その主人公のもとに戦死した元日本軍の男たちが死の世界から亡霊となって車椅子に乗って次から次えと足で車椅子を力強く漕ぎながら舞台へ進んでくる。この時の台詞が印象的で演劇後も頭に残り続けた。男たちは先頭のリーダーが発する声を複唱する。
「歴史よ、それをすてられたら、お前は休めるのに、眠れるのに、だがそれまでは、・・・・歴史にもおさらば、記憶にもおさらば、だが終ってみると、そいつもよくない・・・・」「それで充分・・・・」
戦前、戦中、戦後社会をいったりきたりする、今はそれらとつながりがない非連続的時空に生きる社会なのか。その間で「思考する」ことの大切さを訴えているように感じられた。
ちなみにこの男たちのリーダーは韓国人の俳優によって演じられている。
小川順子の歌う「夜の訪問者」が突如流れる。花火が打ち上げられる。1975年の昭和時代、人々は何を想いこの曲を聴いていたのか。
俳優という職業は「稽古」と「舞台での演技」という作業の繰り返し、しかも「世界の果てからこんにちは」は同じ構成で1982年から繰り返し行われている。しかしその繰り返し、思考状態を維持する緊張こそが俳優業の生き様なのかもしれない。
鑑賞後、これらの俳優と生で舞台を通して時間を共有できた喜びで心が一杯になった。そして1つの疑念がつっかえる。「歴史に、記憶におさらばはできない」と。
8月26日(日)2日目
「トロイアの女」
構成・演出:鈴木忠志
原作:エウリピデス
西洋文化の発祥の地、ギリシャが生んだ文化遺産「ギリシャ悲劇」を鑑賞するのは初体験。ストーリーはまったくの無知。事前の情報収集で分かったいた内容はこれくらい。

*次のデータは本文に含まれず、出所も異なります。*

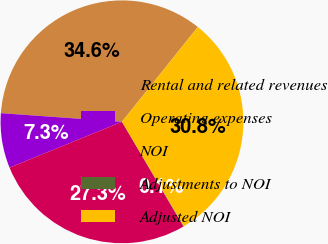Convert chart to OTSL. <chart><loc_0><loc_0><loc_500><loc_500><pie_chart><fcel>Rental and related revenues<fcel>Operating expenses<fcel>NOI<fcel>Adjustments to NOI<fcel>Adjusted NOI<nl><fcel>34.6%<fcel>7.3%<fcel>27.29%<fcel>0.06%<fcel>30.75%<nl></chart> 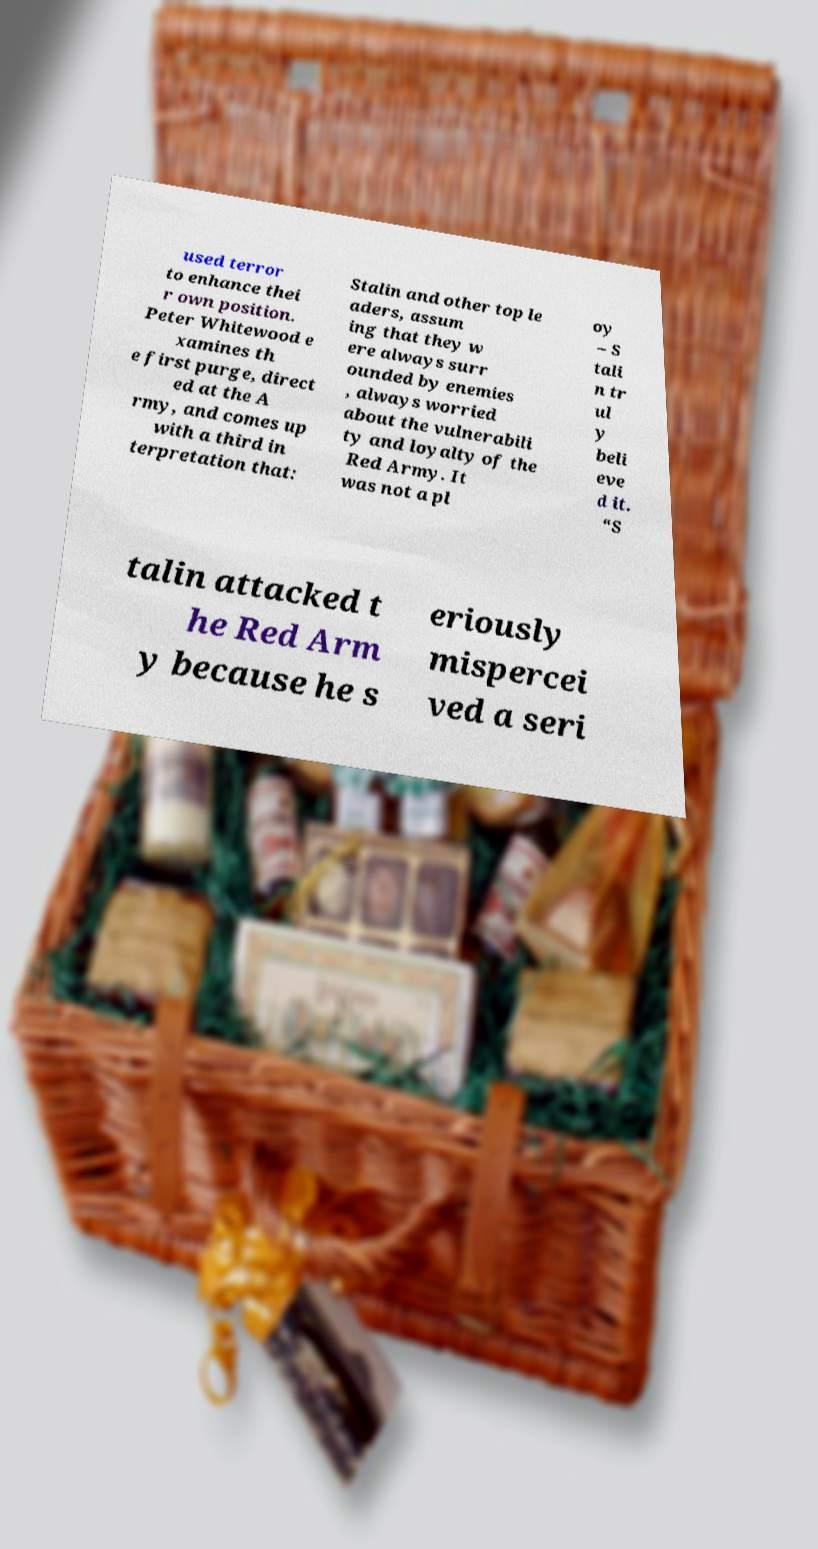Please read and relay the text visible in this image. What does it say? used terror to enhance thei r own position. Peter Whitewood e xamines th e first purge, direct ed at the A rmy, and comes up with a third in terpretation that: Stalin and other top le aders, assum ing that they w ere always surr ounded by enemies , always worried about the vulnerabili ty and loyalty of the Red Army. It was not a pl oy – S tali n tr ul y beli eve d it. “S talin attacked t he Red Arm y because he s eriously mispercei ved a seri 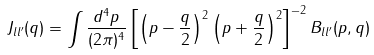<formula> <loc_0><loc_0><loc_500><loc_500>J _ { l l ^ { \prime } } ( q ) = \int \frac { d ^ { 4 } p } { ( 2 \pi ) ^ { 4 } } \left [ \left ( p - \frac { q } { 2 } \right ) ^ { 2 } \left ( p + \frac { q } { 2 } \right ) ^ { 2 } \right ] ^ { - 2 } B _ { l l ^ { \prime } } ( p , q )</formula> 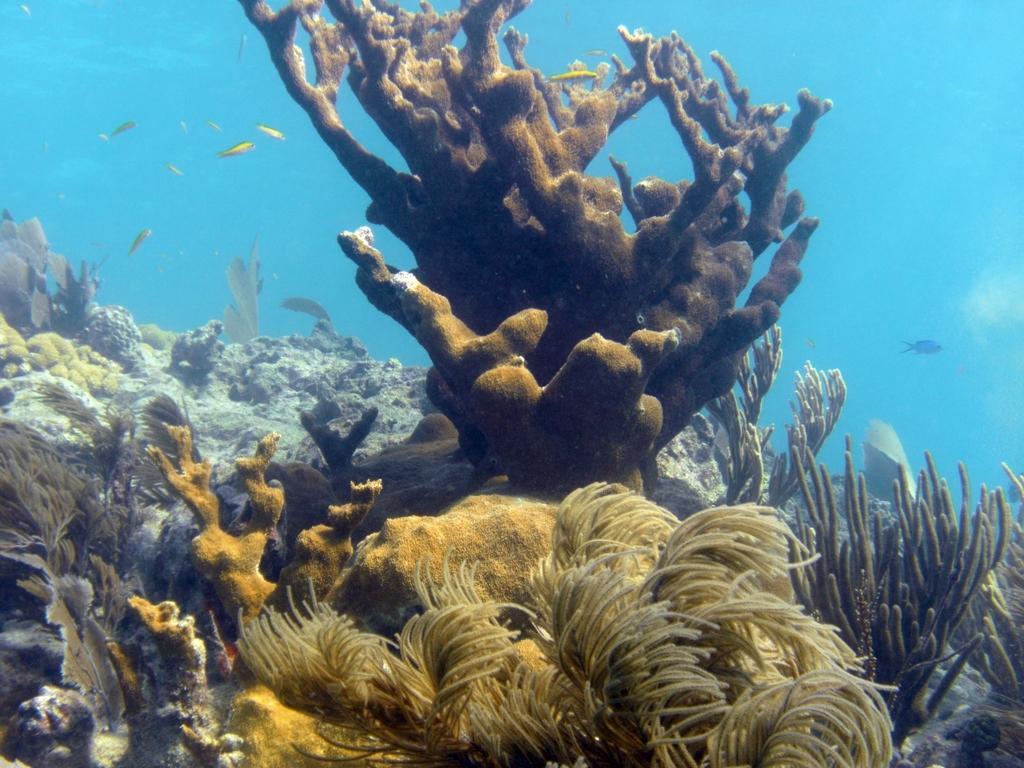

トロイア落城後、生き残った女性たちだけがギリシャへ奴隷として連れて行かれるのを待っている情景が描かれている。
戦争という残酷さ、そしてトロイアのような文明が消える惨さ、女性たちがすべて連行される様子は子孫の断絶を意味する。この状況下における人間の恐怖、怒り、悲しさ、言葉では到底表現できない感情が全身全霊、声とカラダで表現される。その発せられるエネルギーに思わずのけ反ってしまった。
(ところで、俳優の太腿やふくらはぎに宿る筋肉、動きのしなやかさと力強さは、
稽古における俳優の肉体との不断の戦いを感じさせられた。)
この情景は何千年も前のことであるが、至る国の敗戦後の心情を写しだしているように思われた。そしてそれがまさにいまそこで起こっているようにリアルに伝わってくる。
今回の世界演劇祭で鑑賞した演劇を通して、SUZUKIメソッドに触れて、大変刺激をもらった。そして、西洋と日本、またアジアの国々との空間、歴史の時間を超えても存在しうる「人間の持つ不変性とは何か」について考えさせられた。
鈴木氏曰く、「人間には大きくわけて二通りのタイプが存在する。目標到達に70%のところで満足する人。そこから目標到達まで努力する人。この30%を何とかしようとするところに人間のエネルギーが宿るのだ」
SCOT軍団に宿るこの精神性こそが人々を魅了する源泉なのではないか。
自分は、もちろん前者。
そうそう、もうひとつ、鈴木氏のトークから。「自分はできないとへりくだるのはいいが、開き直る人がいる。これはもうダメ」
さて、来年は、日本・ロシア共同開催で「シアターオリンピックス」が利賀/黒部で行われる。今年SCOT T-shirtを買えなかったので、来年は仲間入りできるか。この1年の過ごし方で判断してみよう。